MV Vestergaard et al. Gastroenterol 2026; 170: 721-734. Open Access! Genetic Risk of Inflammatory Bowel Disease Is Associated With Disease Course Severity
Methods: The authors calculated IBD polygenic scores (PGS) for 3732 Danish patients with Crohn’s disease (CD) and 4535 patients with ulcerative colitis (UC), and investigated their association with disease outcomes.
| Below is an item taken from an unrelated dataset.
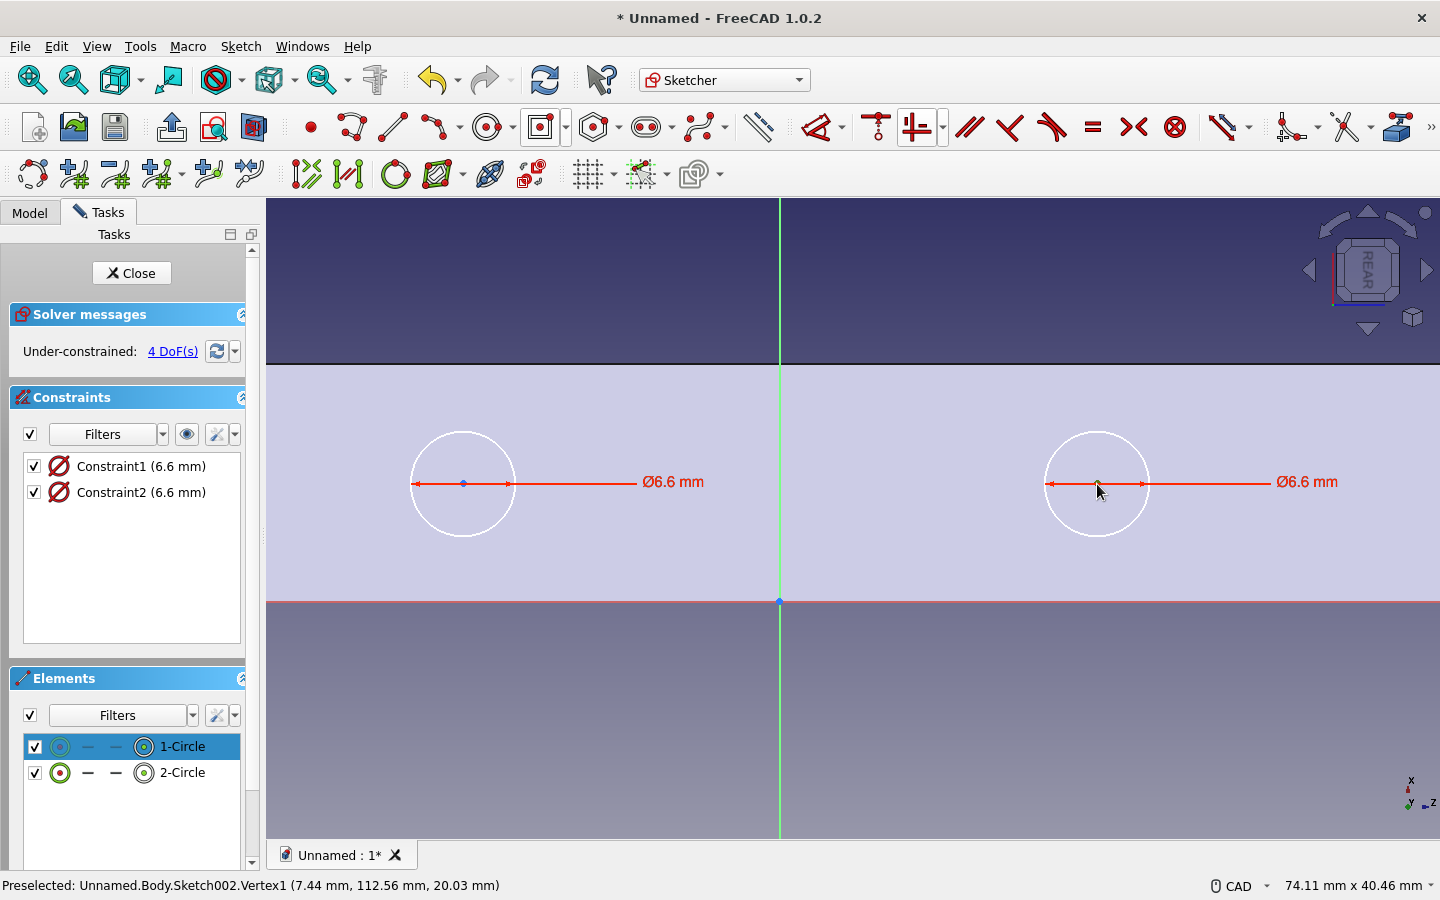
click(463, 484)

“The Danish National Biobank stores neonatal blood spots from almost all Danes born since 1982…The North Denmark IBD (NorDIBD) cohort is a population-based cohort of all patients from the North Denmark Region with a confirmed IBD diagnosis from 1978–2020.17 From this cohort, 940 patients with IBD and a further 973 blood donors with no IBD diagnosis were genotyped from whole blood…applied variant loadings for calculating PGS for CD and UC susceptibility generated by Middha et al19 to our dataset. These variant loadings were derived from summary statistics from the IIBDGC.” This cohort had a young age. Only 2% and 3% of CD and UC patients, respectively, were 40+.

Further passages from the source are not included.